Please note that this in turn indicates a bad design: navigating by POST. This is not user
nor SEO friendly. This all is explained in When should I use h:outputLink instead of
h:commandLink? and is supposed to be solved as
<h:link value="Go to next page" outcome="nextpage" />

Invocation order
The actionListeners are always invoked before the action in the same order as they
are been declared in the view and attached to the component. So, the following example
<h:commandLink value="submit" actionListener="#{bean.listener1}"
action="#{bean.submit}">
<f:actionListener type="com.example.SomeActionListener" />
<f:setPropertyActionListener target="#{bean.property}" value="some"
/>
</h:commandLink>
will
invoke Bean#listener1(), SomeActionListener#processAction(), Bean#setPropert
y()and Bean#submit() in this order.

Exception handling
The actionListener supports a special exception: AbortProcessingException. If this
exception is thrown from an actionListener method, then JSF will skip any remaining
action listeners and the action method and proceed to render response directly. You won't
see an error/exception page, JSF will however log it. This will also implicitly be done
whenever any other exception is being thrown from an actionListener. So, if you intend
to block the page by an error page as result of a business exception, then you should
definitely be performing the job in the action method.
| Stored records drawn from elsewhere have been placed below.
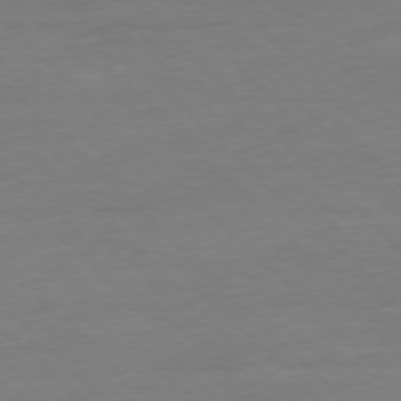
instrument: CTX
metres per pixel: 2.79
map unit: Ap
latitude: -77.7856
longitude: -82.6112
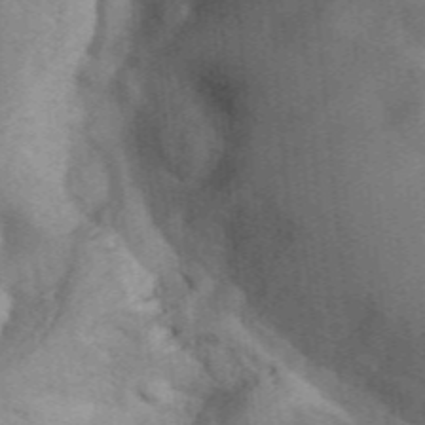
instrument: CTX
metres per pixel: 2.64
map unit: eHh
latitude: 39.5749
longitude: -55.8583
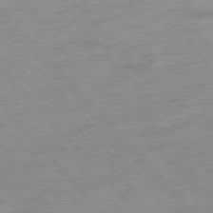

If the sole reason to use an actionListener is to have a void method returning to the
same page, then that's a bad one. The action methods can perfectly also return void, on
the contrary to what some IDEs let you believe via EL validation. Note that the PrimeFaces
showcase examples are littered with this kind of actionListeners over all place. This is
indeed wrong. Don't use this as an excuse to also do that yourself.